WZJY
- Mount Pleasant, South Carolina; United States;
- Broadcast area: Charleston, South Carolina
- Frequency: 1480 kHz
- Branding: Kaliente 95.5

Programming
- Format: Spanish tropical

Ownership
- Owner: Norberto Sanchez; (Norsan Communications and Management, Inc.);
- Sister stations: WAZS

Technical information
- Licensing authority: FCC
- Facility ID: 47150
- Class: D
- Power: 880 watts day 44 watts night
- Transmitter coordinates: 32°49′34″N 79°49′53″W﻿ / ﻿32.82611°N 79.83139°W
- Translator: 95.5 W238CO (Charleston)

Links
- Public license information: Public file; LMS;
- Website: WZJY Online

= WZJY =

WZJY (1480 AM) is a radio station broadcasting a Spanish tropical format. Licensed to Mount Pleasant, South Carolina, United States, it serves the Charleston, South Carolina area. The station is currently owned by Norberto Sanchez, through licensee Norsan Communications and Management, Inc.

==History==
At one time WZJY was "Integrity 1480" with a Christian radio format.

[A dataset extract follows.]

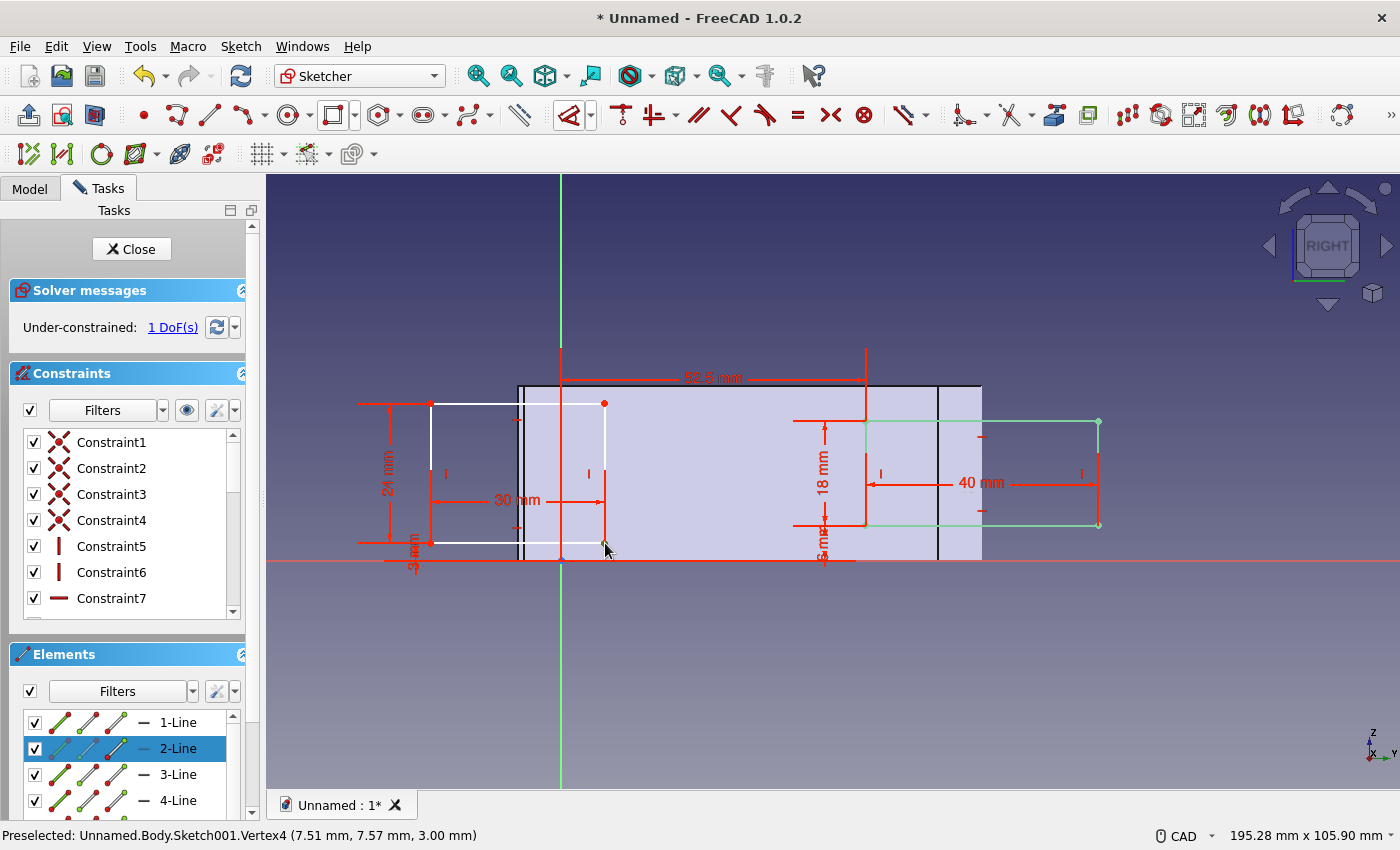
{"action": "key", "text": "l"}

Before its most recent change, WZJY was "WZJY TALK", 24 hours per day giving information to the African American community. The line up included The David Mack Show, Jesse Lee Peterson, 2 Live Stews, Alfrea Deas Mikells, The Bev Smith Show and David Stein. The weekend line up included The House Divided, The Group Room, Saturday Magazine with Sam Dennis, Inspirations Across America and more. On Weekends and late nights on weekdays WZJY played classic R&B.